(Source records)
**********

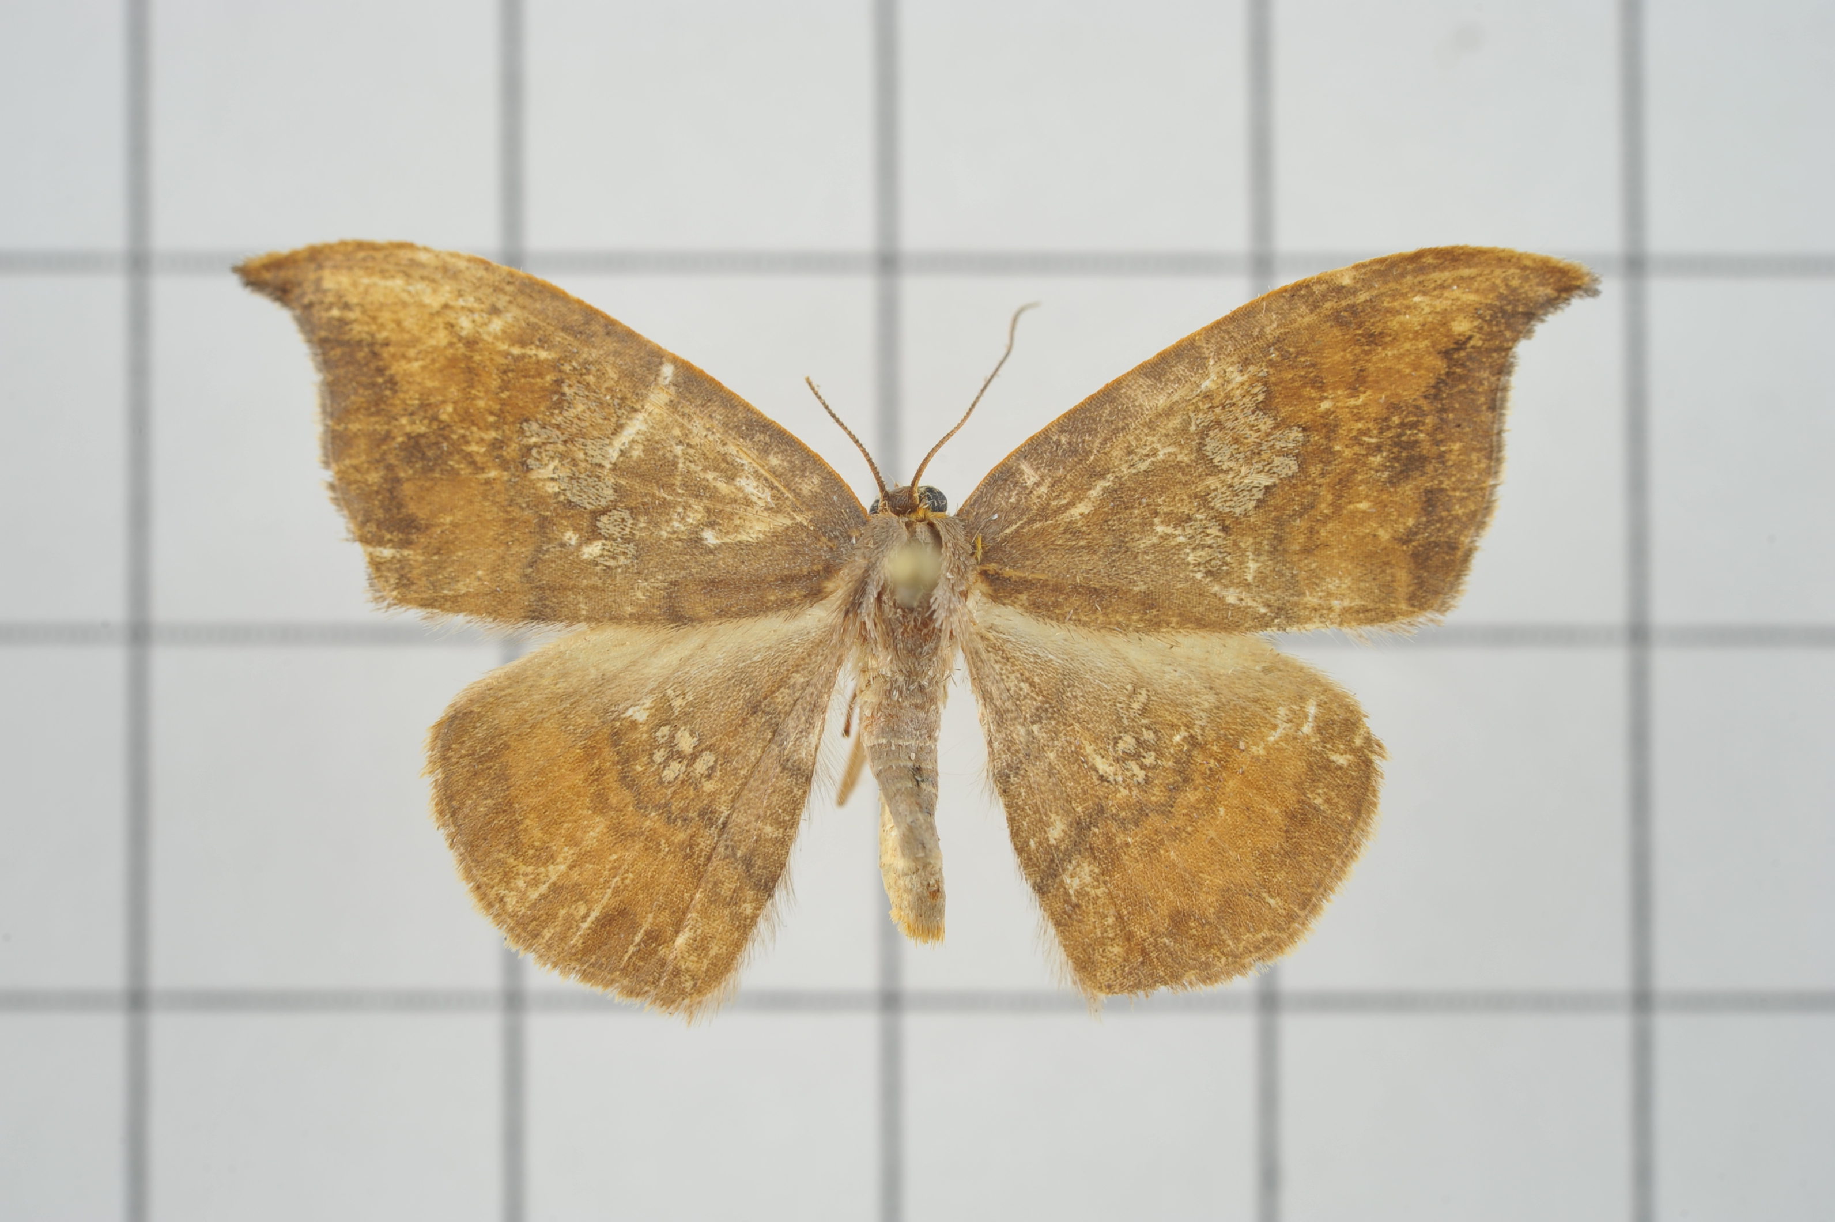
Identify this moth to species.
Agnidra scabiosa fixseni
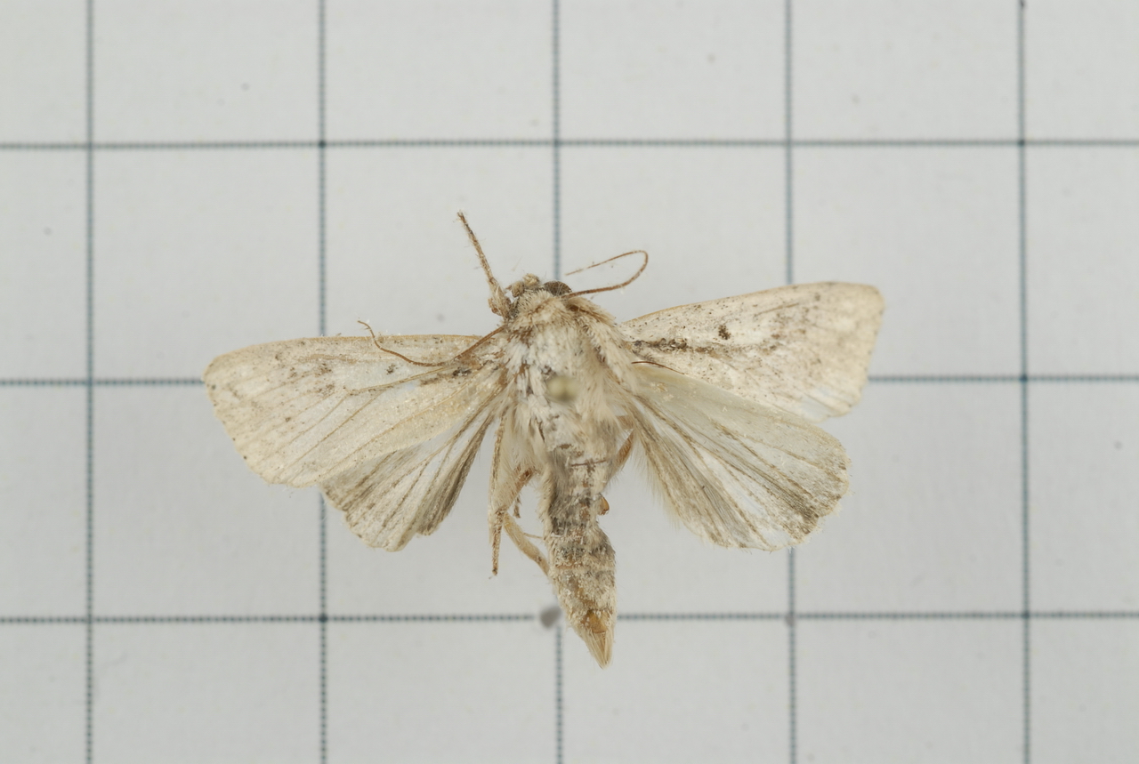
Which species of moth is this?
Leucania yu
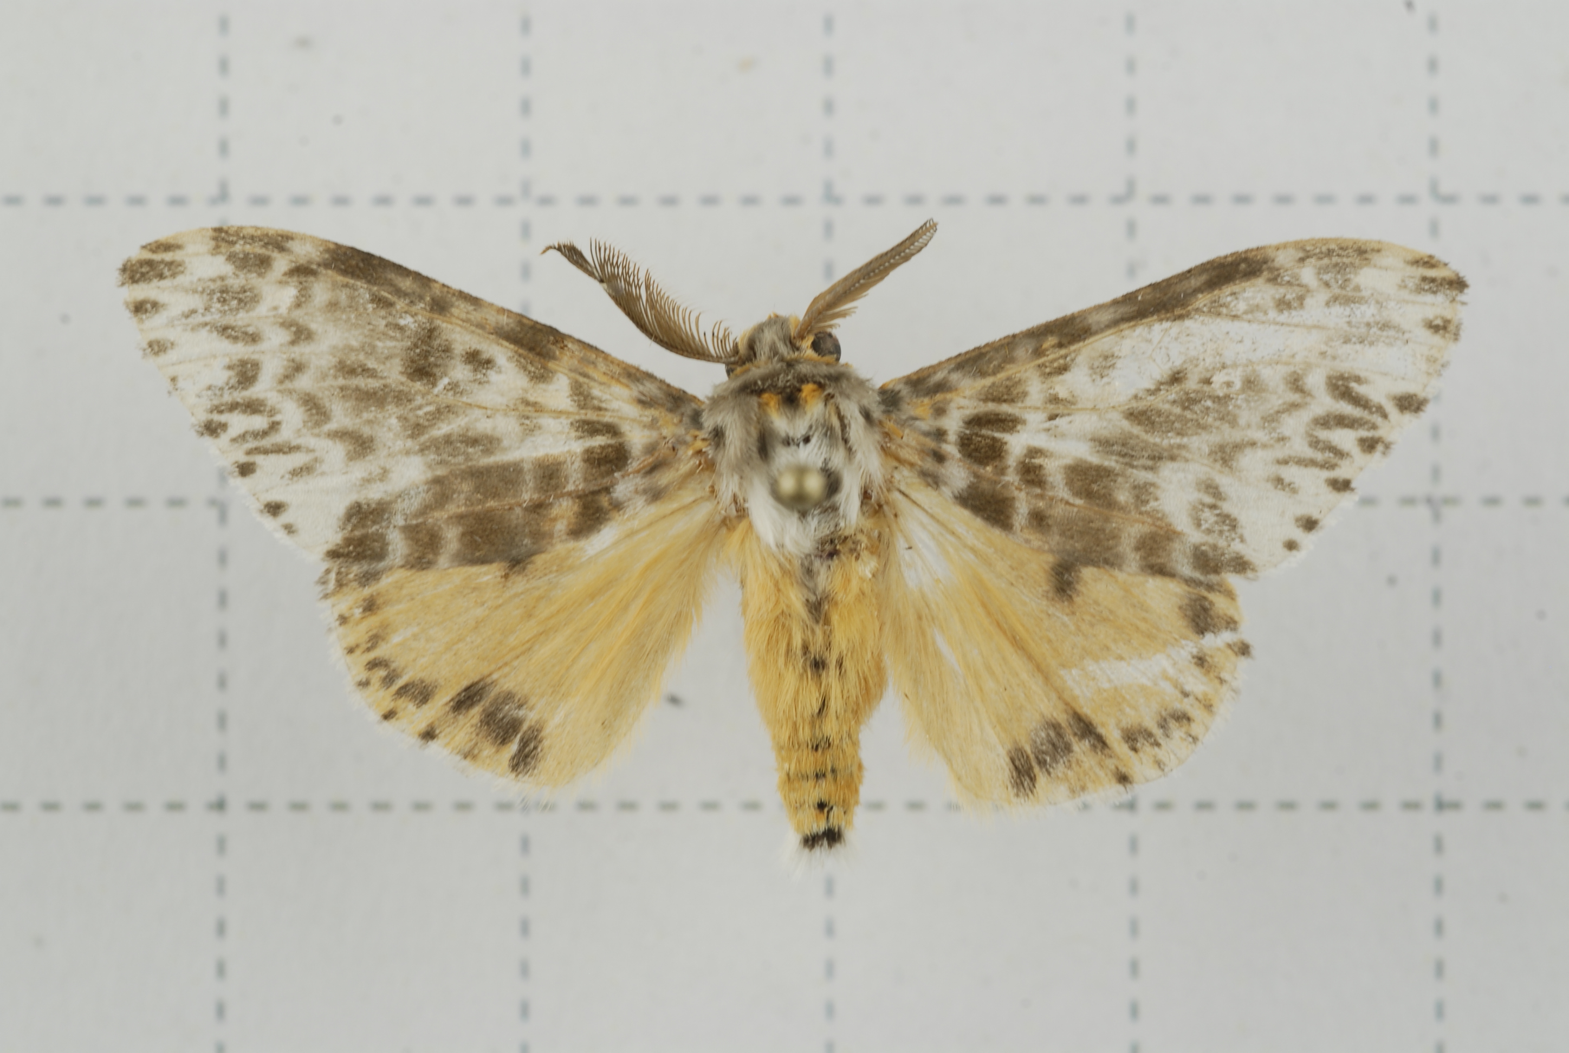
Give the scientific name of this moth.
Lymantria mathura subpallida

**********

→ Required work:
Please give every line above again word for word, apart from the pictures.

→ Answer space:
Identify this moth to species.
Agnidra scabiosa fixseni
Which species of moth is this?
Leucania yu
Give the scientific name of this moth.
Lymantria mathura subpallida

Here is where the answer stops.